Recovery from exercise or injury is another commonly cited benefit. Growth hormone accelerates tissue repair, which is why it plays such a central role during sleep. People using CJC-1295 often notice reduced soreness and faster bounce-back between training sessions. Skin quality improvements, including better hydration and elasticity, tend to emerge over longer timeframes as collagen turnover increases.
It’s worth noting that these effects develop gradually. Unlike synthetic growth hormone injections that deliver a pharmacological dose all at once, CJC-1295 works by amplifying your own production. The timeline for noticeable changes is typically weeks to months rather than days.
Side Effects and Risks
The most common side effects are injection site reactions: temporary pain, swelling, and hardness at the injection spot, sometimes with localized hives. Beyond the injection site, reported side effects include flu-like symptoms, headaches, irritability, anxiety, nausea, and hives elsewhere on the body. The FDA has also flagged more serious adverse events, including increased heart rate and systemic vasodilatory reactions (a sudden drop in blood pressure caused by blood vessels widening).
Flushing and a head rush shortly after injection are frequently mentioned in user communities, particularly with the no-DAC version. These effects are typically brief, lasting a few minutes, but can be uncomfortable. Timing injections at bedtime helps, since you’re lying down and heading to sleep anyway.
The broader concern with any peptide that raises growth hormone chronically is its potential effect on insulin sensitivity. Growth hormone and insulin have an antagonistic relationship. Sustained elevations in growth hormone can reduce how effectively your cells respond to insulin, which is relevant for anyone with prediabetes or metabolic concerns.
Current Regulatory Status
CJC-1295 is not approved by the FDA for any medical use. It has been available through compounding pharmacies, which custom-prepare medications not commercially manufactured. However, the FDA has raised concerns about compounded CJC-1295 products, citing risks of immunogenicity (the body mounting an immune response against the peptide), challenges with ensuring purity, and limited clinical data supporting its safety profile.
CJC-1295 appeared on an FDA list of bulk drug substances that may present significant safety risks for compounding.

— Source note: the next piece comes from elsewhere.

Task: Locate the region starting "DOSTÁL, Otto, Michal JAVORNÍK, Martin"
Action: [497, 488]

The substance was ultimately listed in the “nominated but withdrawn” category, meaning it was put forward for evaluation but pulled from the formal review process. The regulatory landscape for compounded peptides has been shifting rapidly, and availability through compounding pharmacies varies by state and may change with new FDA guidance.

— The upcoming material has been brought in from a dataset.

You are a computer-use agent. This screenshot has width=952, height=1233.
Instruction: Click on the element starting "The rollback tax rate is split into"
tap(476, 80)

Timing and Dosing Protocols
For the no-DAC version (with or without Ipamorelin), the typical protocol involves subcutaneous injections at bedtime, five nights per week. Dosing on an empty stomach is considered important, ideally at least two to three hours after your last meal. Food, especially carbohydrates, triggers insulin release, which blunts the growth hormone response. A fasted state removes that brake and allows for a larger growth hormone pulse.

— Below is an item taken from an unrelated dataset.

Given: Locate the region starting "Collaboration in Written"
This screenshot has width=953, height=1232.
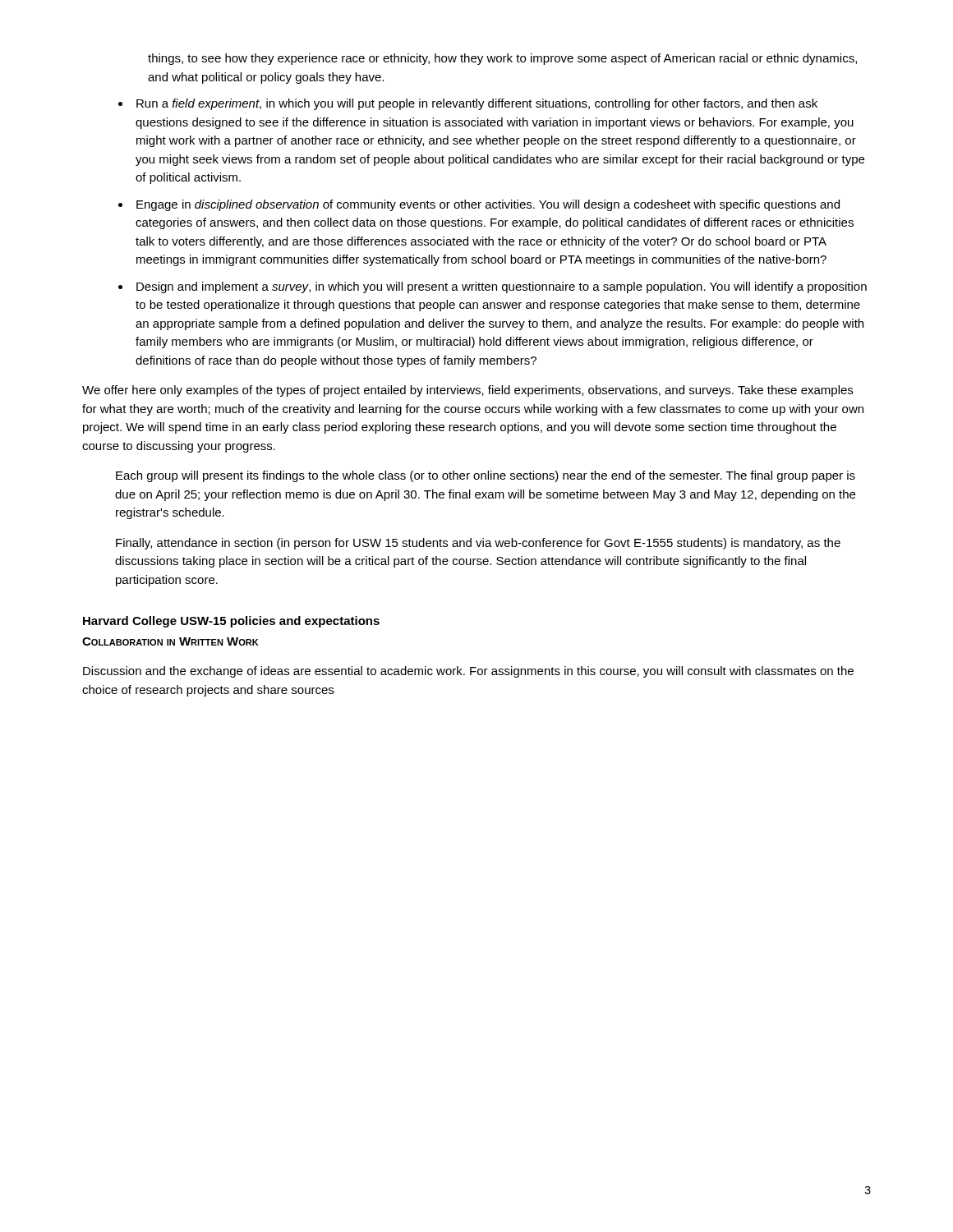Looking at the screenshot, I should pyautogui.click(x=170, y=641).

The DAC version simplifies the schedule to a single injection of around 600 micrograms once per week, though the same fasted-state guidance applies. Some protocols cycle the peptide, using it for several weeks followed by a break, while others run it continuously. There’s no consensus from clinical trials on optimal cycling because the available human data comes from short-term studies rather than long-term use trials.